[INPUT DATA — start]
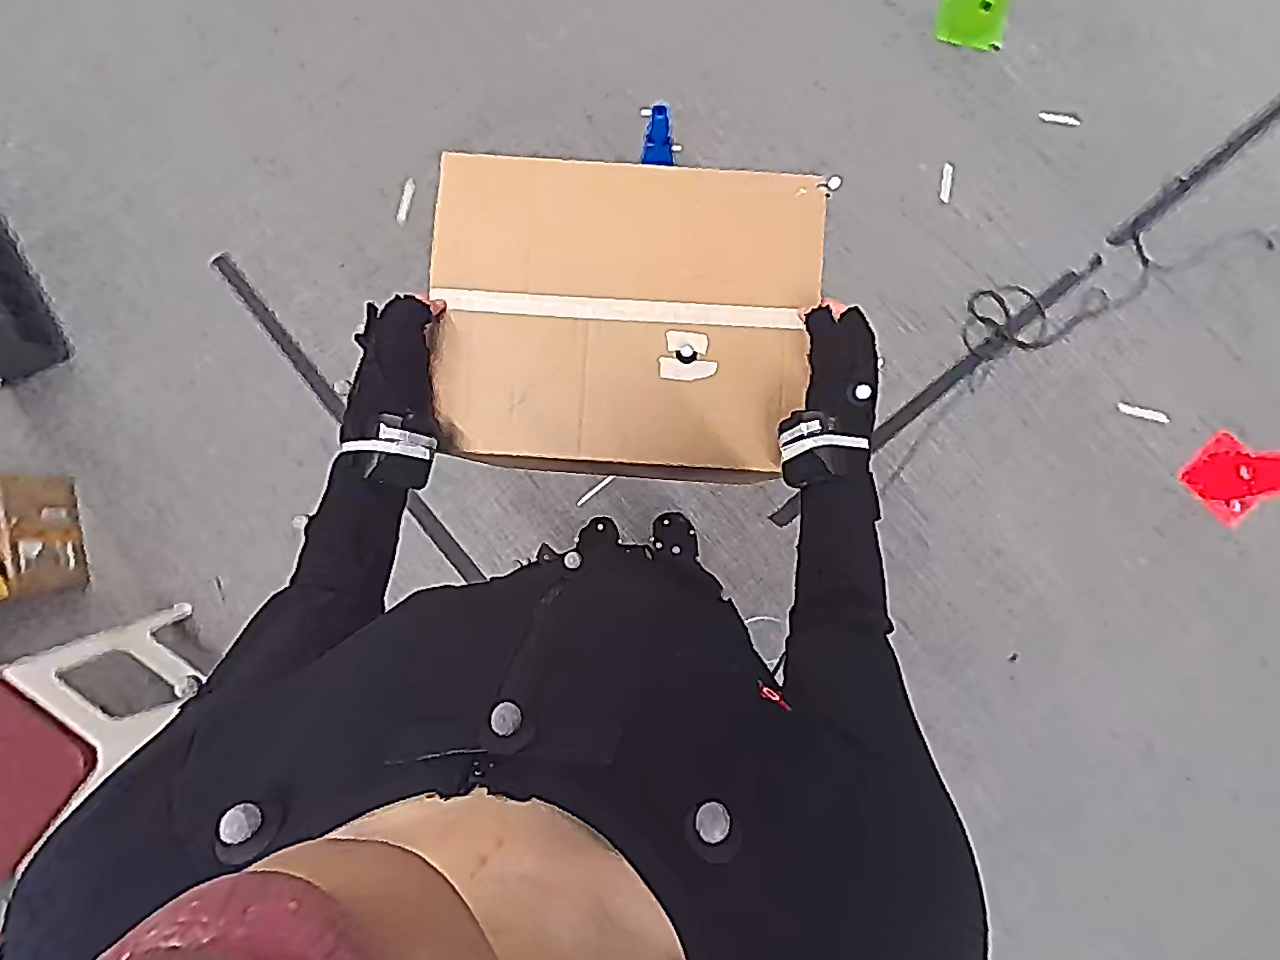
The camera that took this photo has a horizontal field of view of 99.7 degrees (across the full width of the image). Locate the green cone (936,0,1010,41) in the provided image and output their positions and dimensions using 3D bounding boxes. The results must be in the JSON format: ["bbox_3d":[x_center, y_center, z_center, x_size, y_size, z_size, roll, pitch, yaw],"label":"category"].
[{"bbox_3d":[0.993,-1.433,1.446,0.202,0.368,0.200,12,84,3],"label":"green cone"}]

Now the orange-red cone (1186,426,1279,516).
[{"bbox_3d":[1.635,-0.042,1.323,0.199,0.360,0.198,-42,87,-5],"label":"orange-red cone"}]

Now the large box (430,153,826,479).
[{"bbox_3d":[-0.013,-0.173,0.712,0.408,0.320,0.320,5,88,0],"label":"large box"}]
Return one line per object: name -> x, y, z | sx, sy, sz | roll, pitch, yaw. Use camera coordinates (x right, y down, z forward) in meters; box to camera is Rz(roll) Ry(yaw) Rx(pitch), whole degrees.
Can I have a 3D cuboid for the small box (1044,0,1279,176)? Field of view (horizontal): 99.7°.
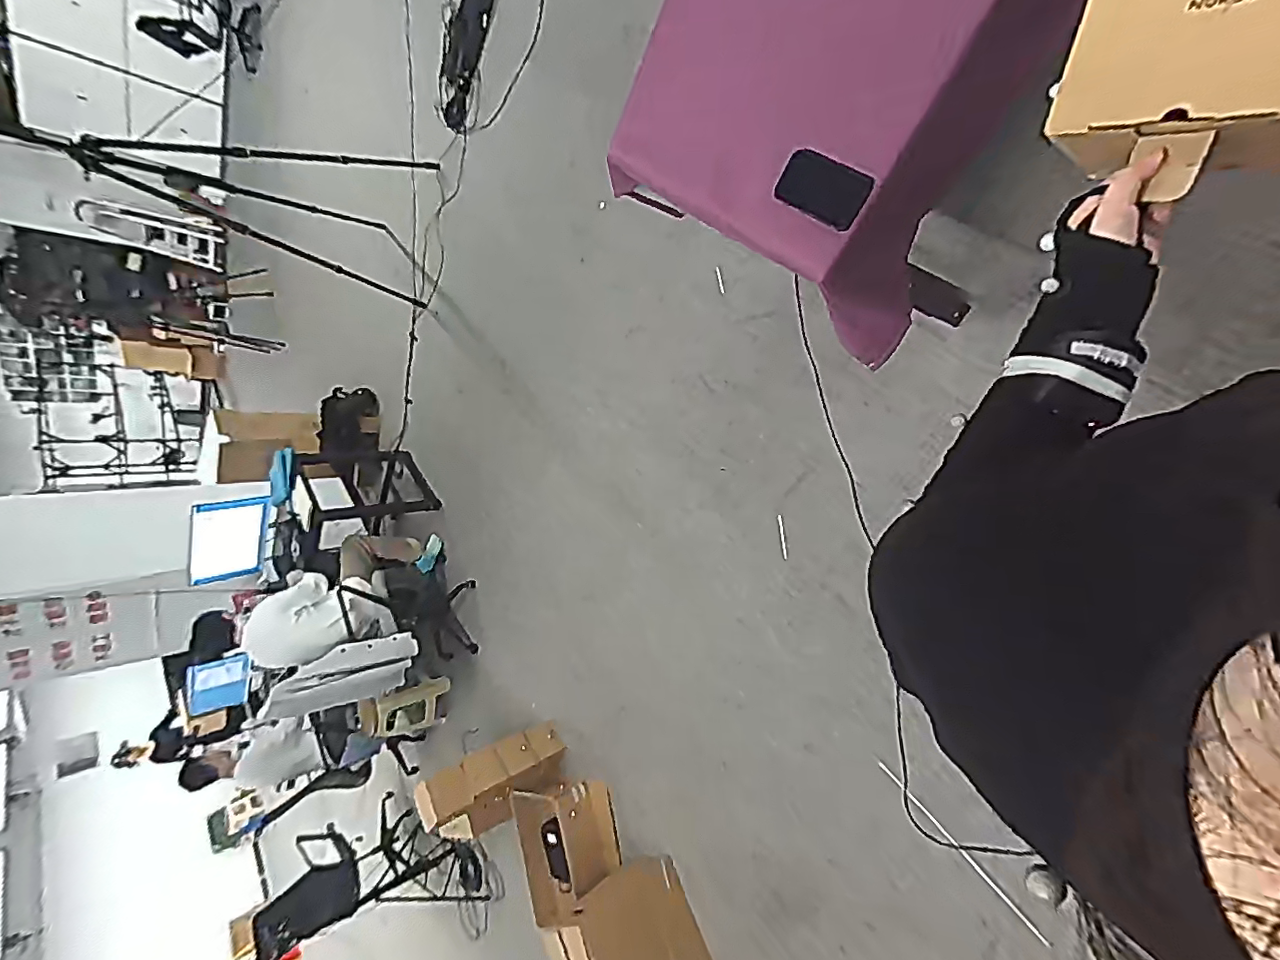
small box -> 0.463, -0.356, 0.424 | 0.168, 0.176, 0.179 | 29, 120, 43
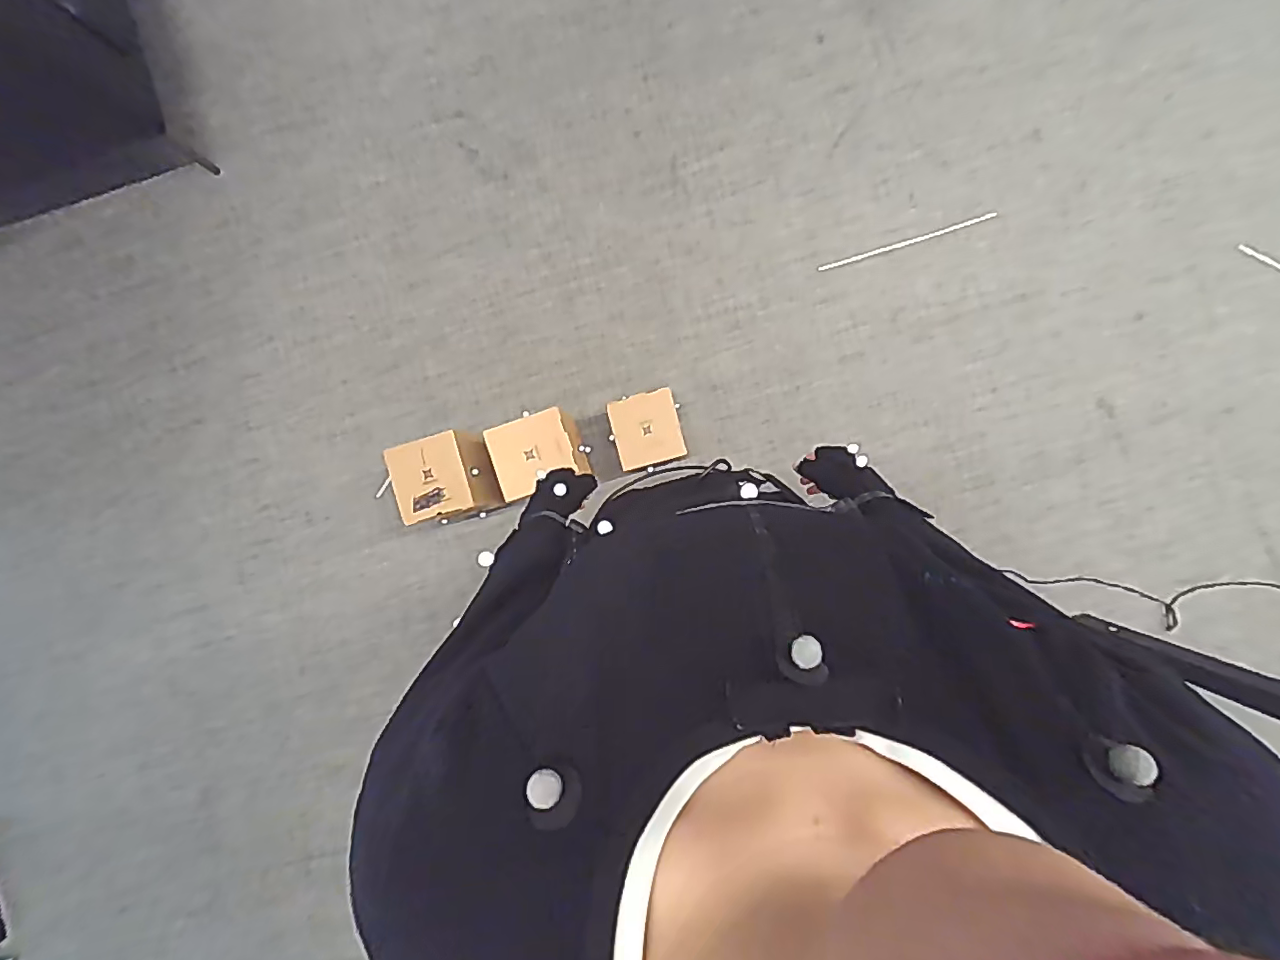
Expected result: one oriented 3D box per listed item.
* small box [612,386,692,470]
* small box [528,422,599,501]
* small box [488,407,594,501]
[{"bbox_3d":[0.031,-0.126,1.396,0.168,0.176,0.179,-15,90,3],"label":"small box"},{"bbox_3d":[-0.215,-0.052,1.407,0.168,0.176,0.179,-18,89,4],"label":"small box"},{"bbox_3d":[-0.220,-0.056,1.245,0.179,0.176,0.168,-19,90,2],"label":"small box"}]
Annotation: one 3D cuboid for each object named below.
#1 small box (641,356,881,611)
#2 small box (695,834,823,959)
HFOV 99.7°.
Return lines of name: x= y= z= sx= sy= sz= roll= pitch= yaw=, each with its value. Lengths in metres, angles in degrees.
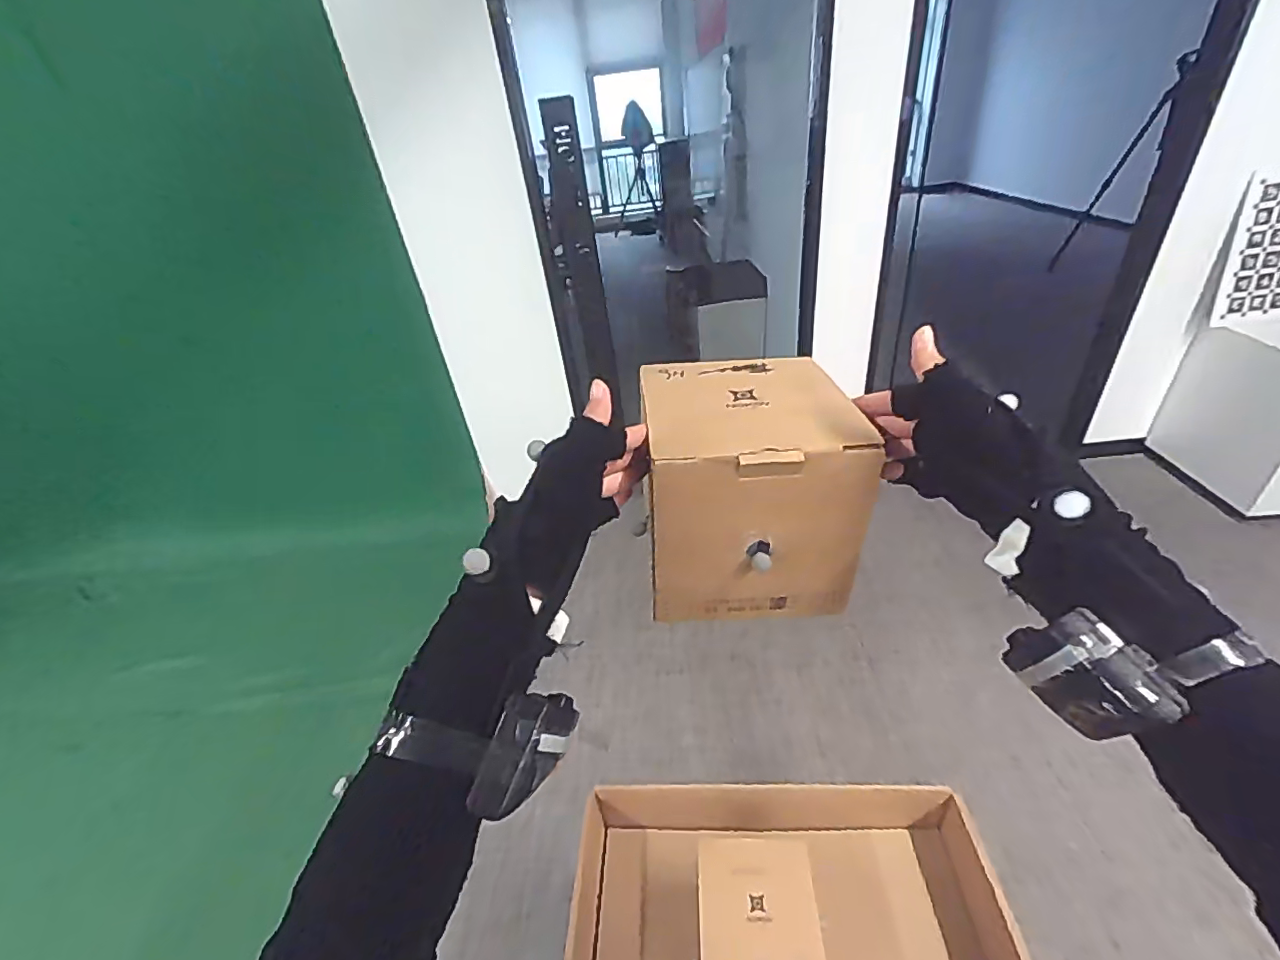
small box: x=0.088 y=0.003 z=0.486 sx=0.168 sy=0.176 sz=0.179 roll=-2 pitch=34 yaw=-1
small box: x=0.168 y=0.661 z=0.804 sx=0.168 sy=0.176 sz=0.179 roll=-2 pitch=33 yaw=4
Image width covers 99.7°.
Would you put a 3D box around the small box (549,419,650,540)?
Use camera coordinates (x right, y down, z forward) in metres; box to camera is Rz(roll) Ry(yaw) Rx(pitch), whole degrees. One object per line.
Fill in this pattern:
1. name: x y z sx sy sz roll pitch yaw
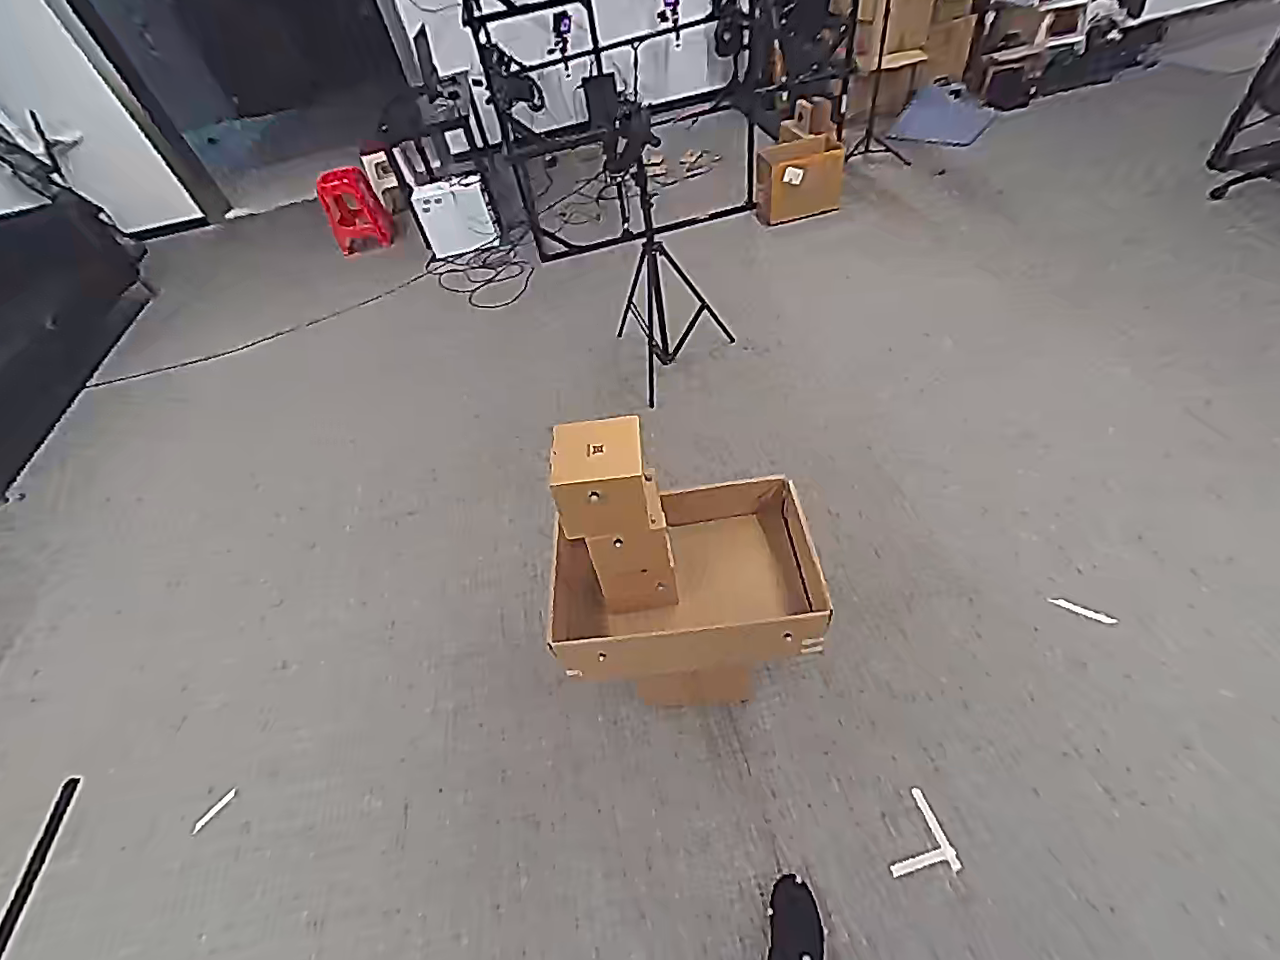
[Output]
1. small box: -0.074 0.002 1.087 0.179 0.176 0.168 -7 48 4

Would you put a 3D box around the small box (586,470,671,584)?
1. small box: -0.028 0.106 1.206 0.168 0.176 0.179 -9 47 2
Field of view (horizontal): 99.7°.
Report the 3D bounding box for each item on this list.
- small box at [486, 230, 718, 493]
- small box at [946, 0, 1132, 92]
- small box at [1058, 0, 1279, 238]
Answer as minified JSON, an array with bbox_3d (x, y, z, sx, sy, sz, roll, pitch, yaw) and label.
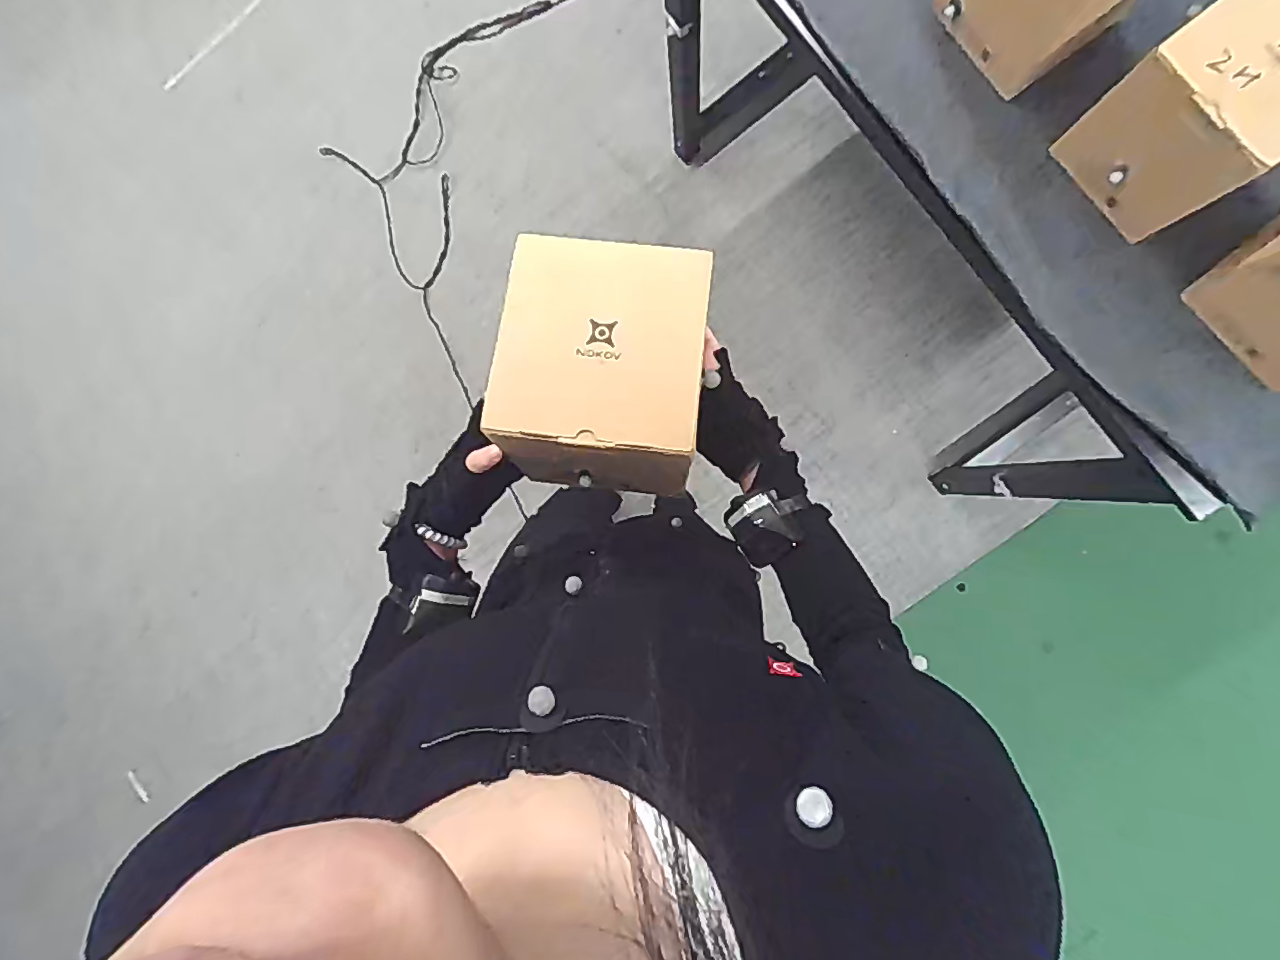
[INPUT DATA — finish]
Search the data above for the word "object" and show every line that has it.

__RESULT OF THIS EXERCISE__.
Return one line per object: name -> x, y, z | sx, sy, sz | roll, pitch, yaw. Use camera coordinates (x right, y down, z forward) in meters; box to camera is Rz(roll) Ry(yaw) Rx(pitch), whole degrees.
Annotation: one 3D cuboid for each object named below.
Use camera coordinates (x right, y down, z forward) in metres; box to camera is Rz(roll) Ry(yaw) Rx(pitch), whole degrees. One object per line.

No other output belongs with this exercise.